I am attempting to write a loop through a file of Excel workbooks, checking the names of all sheets to ensure that each excel workbook has three sheet names in it ('sheet1', 'sheet2', 'sheet3' - in any order). If one of those sheet names is missing, I want to create the missing sheet (blank) in the workbook missing the sheet.
I've never worked across multiple files like this and I'm open to any and all suggestions / approaches!
library(tidyverse)
library(readxl)
'%notin%' <- Negate('%in%')
all_files <- list.files(path="./path/to/files'", pattern = "*.xlsx", full.names = T)

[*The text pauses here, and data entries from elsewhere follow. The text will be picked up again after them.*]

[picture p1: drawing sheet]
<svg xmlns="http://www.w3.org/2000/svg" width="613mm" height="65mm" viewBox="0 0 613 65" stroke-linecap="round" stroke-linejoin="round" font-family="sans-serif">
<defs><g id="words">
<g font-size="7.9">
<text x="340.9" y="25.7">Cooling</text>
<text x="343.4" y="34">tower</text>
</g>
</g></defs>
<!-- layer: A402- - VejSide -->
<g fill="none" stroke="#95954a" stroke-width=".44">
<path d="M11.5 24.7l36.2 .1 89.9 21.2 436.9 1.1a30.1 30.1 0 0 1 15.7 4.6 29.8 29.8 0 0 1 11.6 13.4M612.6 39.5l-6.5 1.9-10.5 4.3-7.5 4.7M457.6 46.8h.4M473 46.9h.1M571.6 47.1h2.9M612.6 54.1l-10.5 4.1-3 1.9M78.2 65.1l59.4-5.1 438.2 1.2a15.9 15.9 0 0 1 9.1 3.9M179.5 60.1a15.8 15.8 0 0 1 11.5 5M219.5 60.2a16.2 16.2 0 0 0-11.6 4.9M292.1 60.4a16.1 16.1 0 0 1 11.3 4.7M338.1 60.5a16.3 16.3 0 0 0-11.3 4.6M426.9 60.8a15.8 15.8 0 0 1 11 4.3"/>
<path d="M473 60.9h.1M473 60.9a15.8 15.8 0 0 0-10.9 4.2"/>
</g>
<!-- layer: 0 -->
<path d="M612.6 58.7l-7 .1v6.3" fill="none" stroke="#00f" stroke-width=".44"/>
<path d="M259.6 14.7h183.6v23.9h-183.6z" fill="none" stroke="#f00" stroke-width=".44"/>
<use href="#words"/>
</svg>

#write files to a list to see the sheet names
result <- lapply(all_files, function(x) {
all_sheets <- excel_sheets(x)
}
#filter by which workbooks match criteria
correct_sheet <- lapply(result, FUN = function(x) {
correct_sheet <- intersect(result, c('sheet1', 'sheet2', 'sheet3') )
})
#Add worksheet in a loop
for (result %notin% correct_sheet){
}
I'm old skool. I like a for loop. That's what happens when you come from other languages!
So I'd be skipping all that lapply which doesn't explain what is going on and doing
new_data = "" # a placeholder for the data you will insert in an new empty sheet
for (file %in% all_files) {
# open the file and get it's sheets
sheets = excel_sheets(file)
# check if the file has the sheet you want
if ( "sheet1" %in% sheets) {
# do nothing
} else {
# if not - create a sheet
xlsx::write.xlsx(new_data,
file, # You may need to add the path?
sheetName="sheet1",
append=TRUE)
} #if you are checking for all 3 sheets and adding any 3 missing, add another for loop?
The R purists will say this is slow and inefficient. My question would be how fast does it need to be? How readable does it need to be?